History

United States
- Name: USS Enterprise
- Builder: New York Navy Yard
- Launched: 26 October 1831
- Commissioned: 15 December 1831
- Decommissioned: 24 June 1844
- Fate: Sold, 28 October 1844

General characteristics
- Type: Schooner
- Displacement: 194 long tons (197 t)
- Length: 88 ft (27 m)
- Beam: 23 ft 6 in (7.16 m)
- Draft: 10 ft (3.0 m)
- Propulsion: Sail
- Complement: 72 officers and enlisted
- Armament: 2 × 9-pounder guns; 8 × 24-pounder carronades;

= USS Enterprise (1831) =

US Navy schooner

The fourth USS Enterprise was a United States Navy schooner.

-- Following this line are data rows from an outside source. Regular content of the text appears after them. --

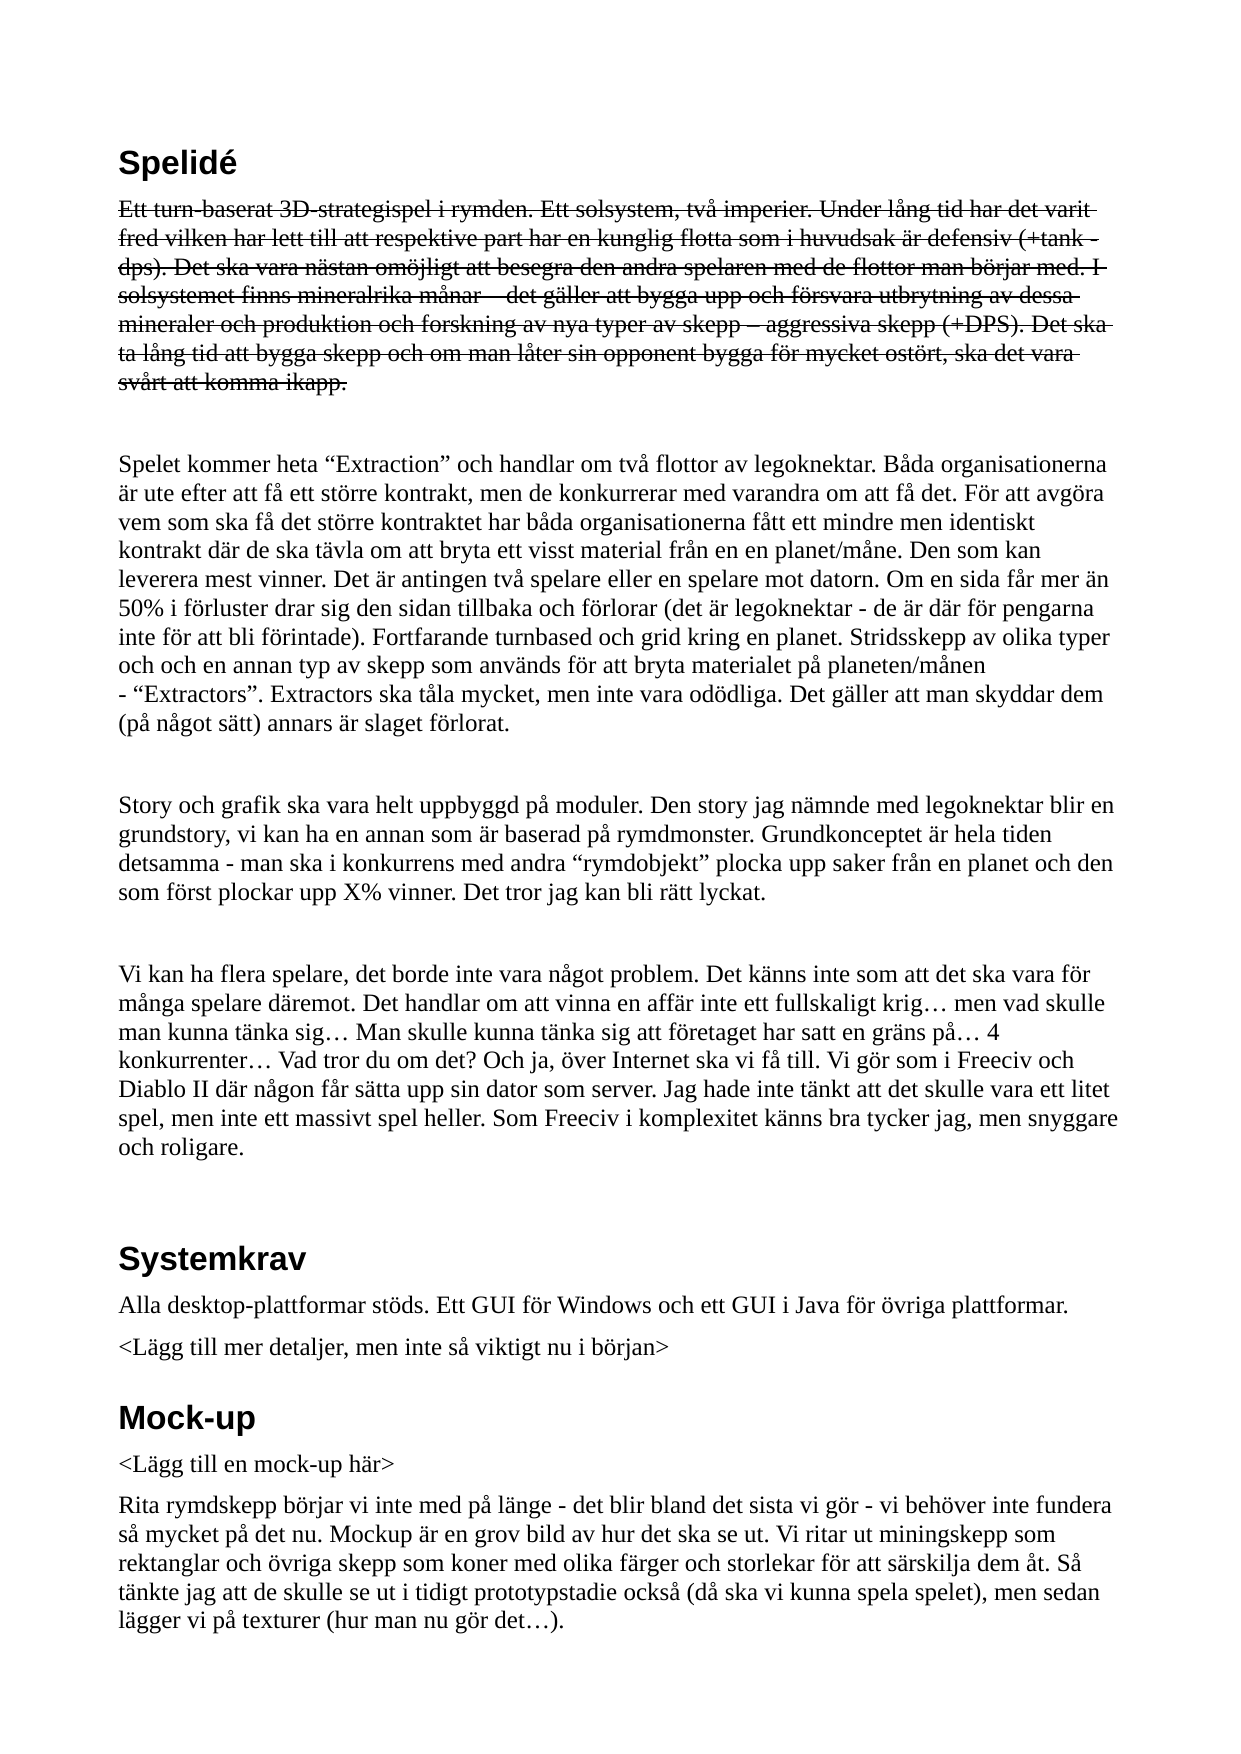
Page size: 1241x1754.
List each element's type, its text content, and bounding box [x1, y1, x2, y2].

text <Lägg till mer detaljer, men inte så viktigt nu i början> [118, 1332, 1122, 1360]
subtitle Systemkrav [118, 1239, 1122, 1278]
text <Lägg till en mock-up här> [118, 1449, 1122, 1478]
text Ett turn-baserat 3D-strategispel i rymden. Ett solsystem, två imperier. Under lång tid har det varit fred vilken har lett till att respektive part har en kunglig flotta som i huvudsak är defensiv (+tank -dps). Det ska vara nästan omöjligt att besegra den andra spelaren med de flottor man börjar med. I solsystemet finns mineralrika månar – det gäller att bygga upp och försvara utbrytning av dessa mineraler och produktion och forskning av nya typer av skepp – aggressiva skepp (+DPS). Det ska ta lång tid att bygga skepp och om man låter sin opponent bygga för mycket ostört, ska det vara svårt att komma ikapp. [118, 194, 1122, 396]
text Story och grafik ska vara helt uppbyggd på moduler. Den story jag nämnde med legoknektar blir en grundstory, vi kan ha en annan som är baserad på rymdmonster. Grundkonceptet är hela tiden detsamma - man ska i konkurrens med andra “rymdobjekt” plocka upp saker från en planet och den som först plockar upp X% vinner. Det tror jag kan bli rätt lyckat. [118, 791, 1122, 906]
text Rita rymdskepp börjar vi inte med på länge - det blir bland det sista vi gör - vi behöver inte fundera så mycket på det nu. Mockup är en grov bild av hur det ska se ut. Vi ritar ut miningskepp som rektanglar och övriga skepp som koner med olika färger och storlekar för att särskilja dem åt. Så tänkte jag att de skulle se ut i tidigt prototypstadie också (då ska vi kunna spela spelet), men sedan lägger vi på texturer (hur man nu gör det…). [118, 1490, 1122, 1634]
subtitle Spelidé [118, 143, 1122, 182]
subtitle Mock-up [118, 1398, 1122, 1437]
text Alla desktop-plattformar stöds. Ett GUI för Windows och ett GUI i Java för övriga plattformar. [118, 1290, 1122, 1319]
text Spelet kommer heta “Extraction” och handlar om två flottor av legoknektar. Båda organisationerna är ute efter att få ett större kontrakt, men de konkurrerar med varandra om att få det. För att avgöra vem som ska få det större kontraktet har båda organisationerna fått ett mindre men identiskt kontrakt där de ska tävla om att bryta ett visst material från en en planet/måne. Den som kan leverera mest vinner. Det är antingen två spelare eller en spelare mot datorn. Om en sida får mer än 50% i förluster drar sig den sidan tillbaka och förlorar (det är legoknektar - de är där för pengarna inte för att bli förintade). Fortfarande turnbased och grid kring en planet. Stridsskepp av olika typer och och en annan typ av skepp som används för att bryta materialet på planeten/månen - “Extractors”. Extractors ska tåla mycket, men inte vara odödliga. Det gäller att man skyddar dem (på något sätt) annars är slaget förlorat. [118, 449, 1122, 737]
text Vi kan ha flera spelare, det borde inte vara något problem. Det känns inte som att det ska vara för många spelare däremot. Det handlar om att vinna en affär inte ett fullskaligt krig… men vad skulle man kunna tänka sig… Man skulle kunna tänka sig att företaget har satt en gräns på… 4 konkurrenter… Vad tror du om det? Och ja, över Internet ska vi få till. Vi gör som i Freeciv och Diablo II där någon får sätta upp sin dator som server. Jag hade inte tänkt att det skulle vara ett litet spel, men inte ett massivt spel heller. Som Freeciv i komplexitet känns bra tycker jag, men snyggare och roligare. [118, 959, 1122, 1161]

She was launched by the New York Navy Yard on 26 October 1831, and commissioned on 15 December 1831, Lieutenant S. W. Downing in command. Enterprise sailed on 12 January 1832 for South America where she patrolled the Brazil Station guarding United States' interests until April 1834. Returning to New York at that time, she repaired and refitted until July when she departed again for Brazil.

Ten months later she joined sloop for a cruise to the Far East by way of Africa, India and the East Indies. Continuing eastward, Enterprise called at Honolulu, Hawaii, in September 1836, then proceeded to the west coast of Mexico, arriving at Mazatlán on 28 October 1836. She cruised the west coast of South America until March 1839, when she departed Valparaíso, Chile to round the Horn, call at Rio de Janeiro, and sail on to Philadelphia. Here she was inactivated on 12 July 1839.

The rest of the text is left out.